We're building an open project to predict new uses for existing drugs. The core of our project is a network with multiple types of nodes and relationships (hetnet) . We use neo4j to store, explore, and quantify this hetnet.
With regards to licensing, there are several ways we plan to use the software:
distributing the hetnet — we strive to make our hetnet reusable and extensible. Therefore, we need convenient and reliable formats for distributing the network. One format we'd like to use for distribution is an archive file of the database. For example, a tarball of data/graph.db/. In addition to an archive of just the database location, we would like to distribute an archive of the binary with the database included. So for example, a user could extract a single archive containing the neo4j server with our database and configuration already loaded.
quantifying the hetnet — our method for relationship prediction relies on extracting network features, which quantify the prevalence of specific path types between two nodes. We implemented the algorithm in cypher. We read that the enterprise version's high-performance cache "can provide up to 10x the performance under concurrent load." However, for our application the enterprise edition did not provide a performance improvement over the community edition (notebook). Therefore, we are inclined to stick to the community version, but may consider enterprise to scale up our query throughput via the high-availability cluster.
exploring the hetnet — we have been using the neo4j browser as a GUI to interact with the network. Eventually, we would like to host a publicly-accessible neo4j server which allows anyone to interact with our hetnet from their web browser.
We try to adhere to the following project ground-rules:
releasing all of our original data and source code as CC0.
avoiding dependencies that forbid distribution, to prevent situations where others cannot reproduce our science due to access issues.
Simply, if you are open source, then Neo4j is open source; if you are closed source, then Neo4j is commercial.
Our project is open source, although we use CC0 rather than a copyleft license. We do not modify neo4j's source code, although we do want to distribute the compiled version (see 1 above). Finally, it's unclear exactly which aspects of our project are affected by neo4j's license.
Given these complexities, we will reach out to neo4j for guidance. Specifically, we're interested in what restrictions neo4j's license places on our three use cases. And if there are restriction, could we obtain an educational or research license permitting our use?
Licensing and usage options
Trey Knowles, the Startup Community Manager at Neo Technology, assisted us with our licensing questions.

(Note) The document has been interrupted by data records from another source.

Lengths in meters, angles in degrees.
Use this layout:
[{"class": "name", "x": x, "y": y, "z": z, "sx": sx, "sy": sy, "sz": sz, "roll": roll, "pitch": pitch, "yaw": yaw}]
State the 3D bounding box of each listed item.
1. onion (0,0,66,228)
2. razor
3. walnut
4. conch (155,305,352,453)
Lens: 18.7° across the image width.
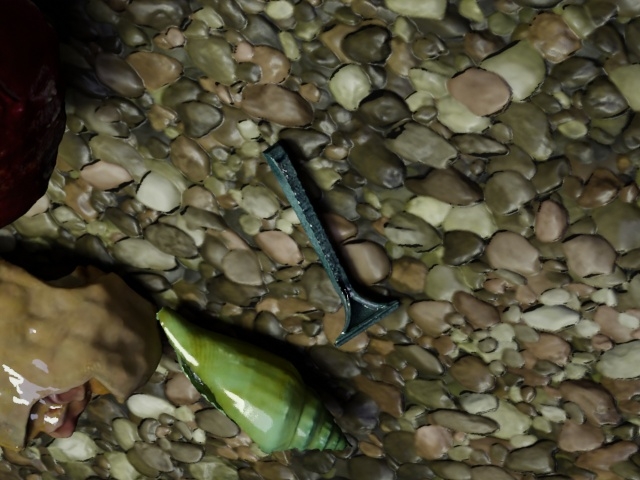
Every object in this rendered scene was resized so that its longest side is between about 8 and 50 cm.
[{"class": "onion", "x": -0.294, "y": -0.121, "z": 1.486, "sx": 0.207, "sy": 0.216, "sz": 0.206, "roll": 9, "pitch": 134, "yaw": -8}, {"class": "razor", "x": -0.002, "y": -0.002, "z": 1.607, "sx": 0.066, "sy": 0.033, "sz": 0.190, "roll": -34, "pitch": 120, "yaw": -10}, {"class": "walnut", "x": -0.279, "y": 0.100, "z": 1.737, "sx": 0.238, "sy": 0.141, "sz": 0.204, "roll": -28, "pitch": 112, "yaw": 35}, {"class": "conch", "x": -0.062, "y": 0.134, "z": 1.728, "sx": 0.201, "sy": 0.079, "sz": 0.095, "roll": 35, "pitch": 150, "yaw": 11}]

To clarify the situation, we specified four licensing options:
A. Community edition with the default GPLv3 license B. Community edition with a contractual education license C. Enterprise edition with the default AGPLv3 license D. Enterprise edition with a contractual education license
And then we specified four desired uses of Neo4j for our project:
distribute the neo4j binaries with our network preloaded
run internal database queries
make a publicly-accessible neo4j server instance
release all of our code and data as CC0
Trey provided the following answer, reproduced here with permission, on which of our desired uses are allowed by each license:
A. Community edition with the default GPLv3 license
2 (single server, no clustering / live backups)
3 (single server, no clustering / live backups)

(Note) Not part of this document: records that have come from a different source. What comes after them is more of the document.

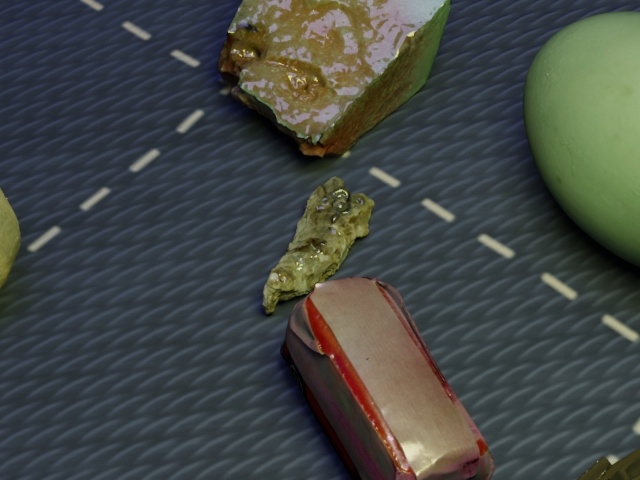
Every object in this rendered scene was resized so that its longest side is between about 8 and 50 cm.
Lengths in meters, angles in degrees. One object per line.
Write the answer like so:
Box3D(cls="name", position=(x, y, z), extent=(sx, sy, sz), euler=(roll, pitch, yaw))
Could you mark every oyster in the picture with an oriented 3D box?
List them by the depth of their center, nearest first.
Box3D(cls="oyster", position=(0.000, 0.001, 2.064), extent=(0.106, 0.061, 0.200), euler=(7, 52, 7))

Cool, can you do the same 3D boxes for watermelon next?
Box3D(cls="watermelon", position=(0.001, -0.255, 2.232), extent=(0.264, 0.151, 0.302), euler=(33, 77, 21))

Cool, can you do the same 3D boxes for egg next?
Box3D(cls="egg", position=(0.400, -0.109, 1.998), extent=(0.276, 0.276, 0.389), euler=(-34, 60, -22))

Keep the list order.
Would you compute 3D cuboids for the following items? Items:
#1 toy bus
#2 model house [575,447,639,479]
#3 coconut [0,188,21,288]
Box3D(cls="toy bus", position=(0.067, 0.171, 1.879), extent=(0.127, 0.147, 0.303), euler=(-18, 54, -19))
Box3D(cls="model house", position=(0.305, 0.332, 1.733), extent=(0.243, 0.211, 0.204), euler=(-33, 8, 11))
Box3D(cls="coconut", position=(-0.485, -0.027, 2.000), extent=(0.237, 0.237, 0.266), euler=(-25, 59, -16))

B. Community edition with a contractual education license
Neo Technology offers no contracts with respect to CE
C. Enterprise edition with the default AGPLv3 license
1 provided you license your work as AGPLv3
2 provided you license your work as AGPLv3
3 provided you license your work as AGPLv3
4 provided you license your work as AGPLv3
D. Enterprise edition with a contractual education license
4(pending legal review from Neo team)
Since AGPLv3 would place undesirable restrictions on our work compared to CC0, C is not a good option for us. Therefore, we'll choose between A and D. We will default to A (GPLv3-licensed community edition) unless enterprise features are needed in which case we'll explore D (contractually-licensed enterprise edition). Sticking with the community edition whenever possible will lessen the burden on anyone wanting to replicate or reuse or work.